Bennett looked somewhat thunderstruck by that. It was the complete lack of guile in Beatrix’s question, the absolute shock that he might not think a raccoon was worthy of saving.

He looked between Beatrix and Kaylee.

“Treat the baby raccoon if you need to,” he said, putting his hands up.

“The baby raccoon needs to be treated,” Beatrix pointed out.

“Yeah, Bennett,” Kaylee said. “The baby raccoon needs it.”

Bennett suppressed what looked to be an eye roll, but continued to stand there and watch as Kaylee conducted an examination on the tiny creature.

“He looks like he’s in decent health,” Kaylee said. “All things considered.

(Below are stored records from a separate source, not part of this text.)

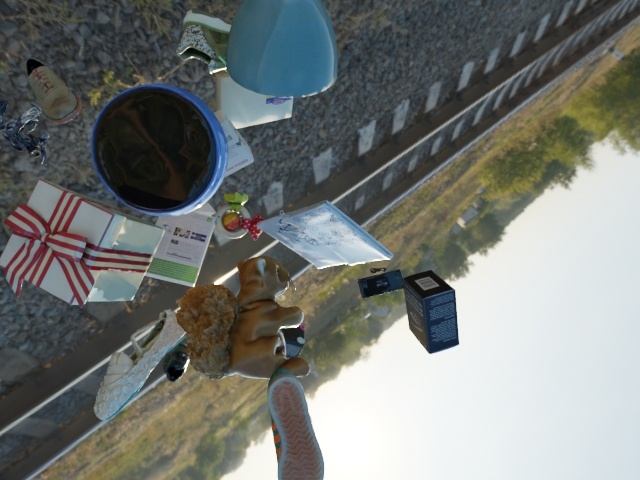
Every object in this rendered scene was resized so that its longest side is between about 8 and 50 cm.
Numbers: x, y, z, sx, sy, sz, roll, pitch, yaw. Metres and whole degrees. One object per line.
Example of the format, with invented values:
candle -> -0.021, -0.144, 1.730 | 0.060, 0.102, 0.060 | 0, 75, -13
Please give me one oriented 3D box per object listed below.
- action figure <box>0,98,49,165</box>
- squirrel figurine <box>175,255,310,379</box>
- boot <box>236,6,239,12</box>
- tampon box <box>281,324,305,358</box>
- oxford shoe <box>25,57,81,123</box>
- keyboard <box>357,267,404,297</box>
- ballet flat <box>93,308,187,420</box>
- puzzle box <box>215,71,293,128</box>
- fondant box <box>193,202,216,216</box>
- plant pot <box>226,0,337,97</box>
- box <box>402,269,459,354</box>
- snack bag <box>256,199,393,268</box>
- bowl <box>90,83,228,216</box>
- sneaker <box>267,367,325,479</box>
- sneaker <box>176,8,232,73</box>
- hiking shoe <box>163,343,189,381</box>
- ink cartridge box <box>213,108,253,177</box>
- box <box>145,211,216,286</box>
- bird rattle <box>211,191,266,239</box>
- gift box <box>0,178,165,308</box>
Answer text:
action figure -> -0.902, -0.359, 1.195 | 0.141, 0.164, 0.275 | -45, 135, -14
squirrel figurine -> -0.247, 0.231, 1.276 | 0.398, 0.369, 0.281 | 3, 176, -27
boot -> -0.169, -0.742, 1.456 | 0.212, 0.294, 0.104 | -19, 180, 14
tampon box -> -0.157, 0.413, 1.699 | 0.120, 0.161, 0.101 | -93, -153, -59
oxford shoe -> -0.939, -0.515, 1.377 | 0.123, 0.348, 0.130 | -42, 148, -12
keyboard -> 0.238, 0.157, 1.586 | 0.180, 0.108, 0.023 | -13, 176, -9
ballet flat -> -0.606, 0.382, 1.324 | 0.147, 0.147, 0.409 | -55, 180, 42
puzzle box -> -0.308, -0.695, 1.944 | 0.409, 0.052, 0.272 | -23, 144, -31
fondant box -> -0.718, -0.051, 2.061 | 0.238, 0.096, 0.330 | -1, 133, -56
plant pot -> -0.091, -0.515, 0.982 | 0.290, 0.290, 0.195 | -35, 152, -30
box -> 0.348, 0.224, 1.265 | 0.108, 0.206, 0.153 | -15, -157, -8
snack bag -> 0.000, 0.000, 1.246 | 0.343, 0.323, 0.037 | -11, -127, 44
bowl -> -0.475, -0.261, 1.180 | 0.391, 0.391, 0.077 | -44, -172, 6
sneaker -> -0.058, 0.441, 0.920 | 0.108, 0.301, 0.121 | -9, 180, -7
sneaker -> -0.299, -0.616, 1.343 | 0.158, 0.411, 0.181 | 71, 40, -73
hiking shoe -> -0.546, 0.470, 1.479 | 0.227, 0.086, 0.114 | -52, -165, 40
ink cartridge box -> -0.357, -0.343, 1.442 | 0.148, 0.085, 0.203 | -26, 142, 7
box -> -0.600, 0.018, 1.693 | 0.058, 0.233, 0.321 | 121, -17, -61
bird rattle -> -0.385, -0.097, 1.858 | 0.207, 0.253, 0.143 | -36, -159, -17
gift box -> -0.580, 0.031, 0.984 | 0.258, 0.255, 0.276 | 41, 68, -77
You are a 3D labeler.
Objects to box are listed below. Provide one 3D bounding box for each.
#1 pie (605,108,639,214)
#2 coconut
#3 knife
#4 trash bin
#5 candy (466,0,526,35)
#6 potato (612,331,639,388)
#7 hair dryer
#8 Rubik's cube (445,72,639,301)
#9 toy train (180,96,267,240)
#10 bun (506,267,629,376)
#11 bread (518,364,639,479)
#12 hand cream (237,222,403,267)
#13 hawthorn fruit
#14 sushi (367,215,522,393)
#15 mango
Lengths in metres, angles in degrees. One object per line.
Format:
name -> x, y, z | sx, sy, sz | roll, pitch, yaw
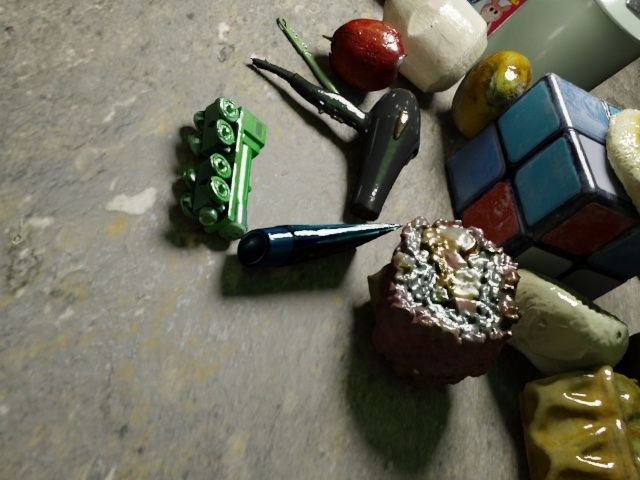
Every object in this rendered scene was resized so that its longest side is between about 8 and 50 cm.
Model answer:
pie -> 0.633, -0.106, 1.578 | 0.337, 0.075, 0.338 | 24, 47, -29
coconut -> 0.232, -0.444, 1.860 | 0.234, 0.224, 0.224 | 43, 40, -4
knife -> -0.021, -0.360, 1.712 | 0.207, 0.014, 0.030 | 54, 41, 6
trash bin -> 0.570, -0.465, 2.012 | 0.280, 0.432, 0.281 | 25, 46, -28
candy -> 0.411, -0.613, 2.080 | 0.157, 0.306, 0.100 | 27, 44, -26
potato -> 0.636, 0.283, 1.642 | 0.176, 0.196, 0.369 | 17, 6, 12
hair dryer -> 0.012, -0.217, 1.597 | 0.359, 0.120, 0.304 | 29, 57, -8
Rubik's cube -> 0.477, -0.085, 1.719 | 0.313, 0.316, 0.319 | 19, 47, -32
toy train -> -0.147, -0.113, 1.356 | 0.119, 0.085, 0.251 | 36, 42, -39
bun -> 0.419, 0.159, 1.569 | 0.259, 0.160, 0.259 | 26, 10, -5
bread -> 0.456, 0.353, 1.450 | 0.238, 0.196, 0.252 | 19, 44, -35
hand cream -> 0.000, 0.000, 1.377 | 0.270, 0.120, 0.061 | -8, 77, -41
hawthorn fruit -> 0.081, -0.371, 1.722 | 0.171, 0.148, 0.148 | 11, 51, -17
sushi -> 0.188, 0.098, 1.415 | 0.236, 0.171, 0.270 | 12, 47, -1
mango -> 0.361, -0.305, 1.827 | 0.146, 0.193, 0.316 | 28, -2, 5
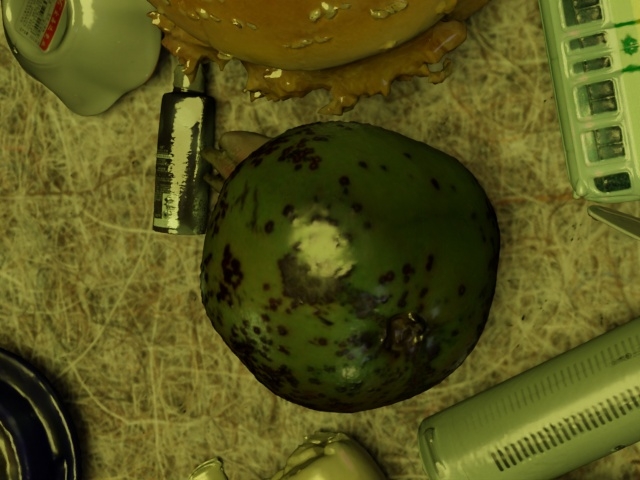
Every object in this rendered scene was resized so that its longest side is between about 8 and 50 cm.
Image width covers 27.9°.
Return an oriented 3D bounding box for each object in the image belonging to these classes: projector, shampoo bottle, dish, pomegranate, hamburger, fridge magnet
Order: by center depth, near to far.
[{"bbox_3d":[-0.023,-0.264,1.188,0.445,0.268,0.287,14,102,17],"label":"hamburger"},{"bbox_3d":[0.257,0.146,1.192,0.337,0.108,0.108,-29,84,19],"label":"projector"},{"bbox_3d":[0.000,0.000,1.217,0.285,0.285,0.340,-60,42,14],"label":"pomegranate"},{"bbox_3d":[-0.271,-0.240,1.338,0.229,0.081,0.229,8,105,32],"label":"dish"},{"bbox_3d":[-0.142,-0.111,1.339,0.057,0.063,0.208,4,95,8],"label":"shampoo bottle"},{"bbox_3d":[-0.388,0.246,1.425,0.265,0.112,0.265,1,95,17],"label":"fridge magnet"}]

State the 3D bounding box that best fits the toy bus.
[{"bbox_3d":[0.284,-0.170,1.146,0.164,0.133,0.276,-10,92,22],"label":"toy bus"}]

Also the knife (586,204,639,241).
[{"bbox_3d":[0.393,0.032,1.114,0.336,0.081,0.043,14,115,3],"label":"knife"}]

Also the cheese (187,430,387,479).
[{"bbox_3d":[-0.040,0.314,1.302,0.266,0.127,0.233,-29,81,16],"label":"cheese"}]
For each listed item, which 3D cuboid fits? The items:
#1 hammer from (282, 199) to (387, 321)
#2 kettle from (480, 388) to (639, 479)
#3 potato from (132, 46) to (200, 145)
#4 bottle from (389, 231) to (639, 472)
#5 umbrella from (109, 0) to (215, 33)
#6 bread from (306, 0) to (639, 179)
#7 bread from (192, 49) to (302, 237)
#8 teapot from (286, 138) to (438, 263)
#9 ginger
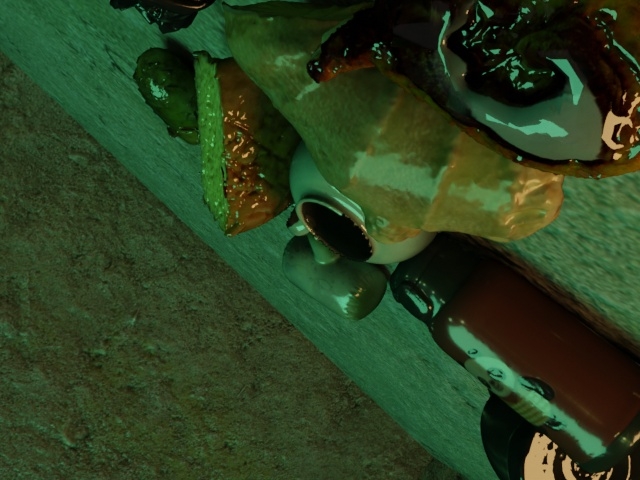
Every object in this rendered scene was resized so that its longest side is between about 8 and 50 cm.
[{"bbox_3d":[0.000,0.000,1.136,0.207,0.119,0.335,29,156,32],"label":"hammer"},{"bbox_3d":[0.322,0.289,0.985,0.251,0.207,0.271,35,174,-6],"label":"kettle"},{"bbox_3d":[-0.231,-0.225,1.052,0.117,0.090,0.225,51,173,20],"label":"potato"},{"bbox_3d":[0.239,0.122,0.803,0.336,0.144,0.144,39,166,13],"label":"bottle"},{"bbox_3d":[-0.146,-0.272,0.640,0.110,0.122,0.272,69,165,-17],"label":"umbrella"},{"bbox_3d":[0.107,-0.134,0.426,0.269,0.095,0.139,31,132,26],"label":"bread"},{"bbox_3d":[-0.093,-0.134,0.852,0.143,0.140,0.228,37,135,48],"label":"bread"},{"bbox_3d":[0.047,-0.051,0.756,0.193,0.129,0.294,47,156,-19],"label":"teapot"},{"bbox_3d":[0.048,-0.117,0.563,0.354,0.126,0.189,43,125,16],"label":"ginger"}]

Though, I’m sure he’s a little bit shocky. Was he behaving like he was injured when you took him home?”

Beatrix shook her head. “I haven’t taken him home yet. I just pulled him off the road. I keep a blanket and a box in my truck just in case.”

Of course she did.

“Well, I think he can probably go to your house. If you’re up to round-the-clock feedings. I would assume that you could treat a small raccoon like a runt puppy. A little bit of evaporated milk and an eyedropper might help him pull through.”

“That’s reassuring,” Beatrix said.

“Do you want me to give him some vaccinations?”

“Can you?”

“I don’t see why not,” Kaylee said, working her way through her supply. “I’ll just make sure he gets his rabies shot, and then I’ll send you on your way. Hopefully he makes it through.”

“Well, if he does, then I’ll have a rabies-free raccoon as a pet,” Beatrix pointed out. “Lindy may not appreciate a raccoon living at the winery.”

Kaylee suppressed a smile. “That is between you and your sister-in-law. I’m just going to treat the raccoon.”

Kaylee took care of the vaccination under the watchful eye of Beatrix and the overly amused Bennett. Then she bundled up the tiny animal and put him back in his box and handed the box back to its owner.

“Good luck, Beatrix,” she said.

“That was nice of you,” Bennett said once Beatrix had left.

“It wasn’t nice of me,” Kaylee said. “It’s my job.”

“No, your job is to work on people’s pets for profit. You don’t have to patch up every sickly critter that Beatrix Leighton brings in on a whim.”

“Why not? It’s a small thing. But it’s something.”

“I suppose so.”

“I’m very giving,” she said. “The kind of woman who leaves her date to help a baby calf.”

He chuckled. “Yes, you are. And I do owe you a massive thank-you for that.”

“You’re soft too, Bennett Dodge. Maybe not for raccoons. But for other creatures.”

“Yeah,” he said, “I’m less soft toward animals that are going to make themselves nuisances because Beatrix ends up turning them loose once they grow up, and they view people as their natural source of food. If I have to pry that raccoon repeatedly out of my garbage cans I’m going to be irritated.”

“Don’t worry about it,” Kaylee said. “First of all, Beatrix is probably going to keep it. Second of all, it will wreak havoc at the winery, not your place.”

“Well, Wyatt will be happy about that.”

“Why would Wyatt care?”

“He has some kind of uneasy alliance with Lindy. Funneling business between the places.”

“Uneasy?”

“They do not like each other. But then, Wyatt used to be buddies with Lindy’s ex-husband. He did PR on the rodeo circuit back when Wyatt was still riding. So they used to be friends, and I think Lindy wants to castrate him.”

“I can see where that would cause a rift.”

“Yep.”

“Wyatt wants to drive business to Get Out of Dodge so badly that he’s willing to work with a woman who hates him?”

Bennett chuckled. “My brother used to ride bulls for a living. Drooling, angry, two-ton monsters that wanted to rip his guts out. I think one ragey blonde who wants to gut him doesn’t scare him much.”

“Well, that must be fun to be around.”

“Fortunately,” Bennett said, “I have my own business to keep me busy. And I’m about to go out on a call, so I will see you later.”

“See you later.”

When Bennett walked out of the clinic, her stomach bottomed out, the aftershock of everything that had happened in the past hour moving over her in a wave.

Why was it like this? All the time.

Why were there these moments? Thunder and lightning without the rain. A storm brewing that never seemed to break open. Tension. So much tension and nothing to ease it.

Maybe the tension was only on her side. Because it wasn’t coming from him. And it all felt so big and real and raw to her, and he didn’t seem to feel a thing.